**Task details:**
Which of the lines in the records below hold the string "pitch"? Copy every one of them.

Recorded data

========

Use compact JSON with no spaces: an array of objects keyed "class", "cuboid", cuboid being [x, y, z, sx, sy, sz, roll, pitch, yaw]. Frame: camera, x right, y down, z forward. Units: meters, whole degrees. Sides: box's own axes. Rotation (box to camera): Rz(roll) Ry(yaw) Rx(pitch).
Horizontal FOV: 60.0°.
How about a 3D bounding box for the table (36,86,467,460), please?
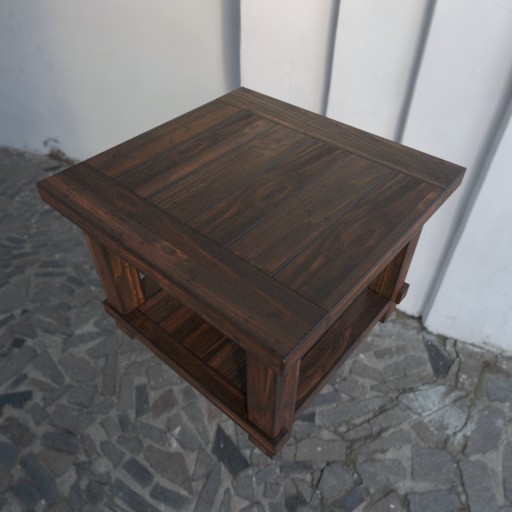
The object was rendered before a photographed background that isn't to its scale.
[{"class":"table","cuboid":[0.000,0.000,1.018,0.606,0.437,0.593,31,52,28]}]
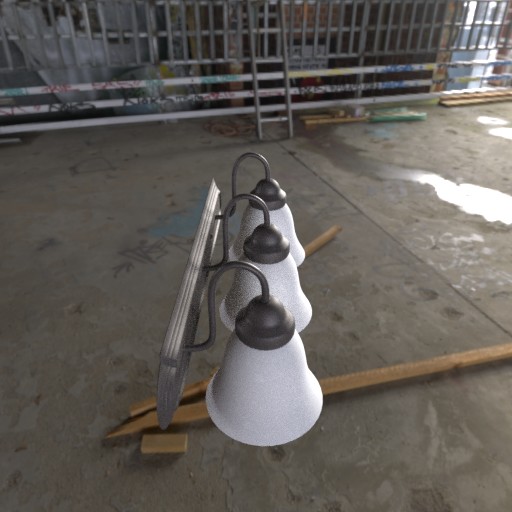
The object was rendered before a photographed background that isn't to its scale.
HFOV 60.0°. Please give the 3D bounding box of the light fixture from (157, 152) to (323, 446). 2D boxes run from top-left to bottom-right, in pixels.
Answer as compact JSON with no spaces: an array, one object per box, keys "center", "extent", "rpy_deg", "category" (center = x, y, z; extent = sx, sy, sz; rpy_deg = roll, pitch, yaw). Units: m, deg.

========

**The answer:**
Use compact JSON with no spaces: an array of objects keyed "class", "cuboid", cuboid being [x, y, z, sx, sy, sz, roll, pitch, yaw]. Frame: camera, x right, y down, z forward. Units: meters, whole degrees. Sides: box's own axes. Rotation (box to camera): Rz(roll) Ry(yaw) Rx(pitch).
Answer as compact JSON with no spaces: an array, one object per box, keys "center", "extent", "rpy_deg", "category" (center = x, y, z; extent = sx, sy, sz; rpy_deg = roll, pitch, yaw). Units: m, deg.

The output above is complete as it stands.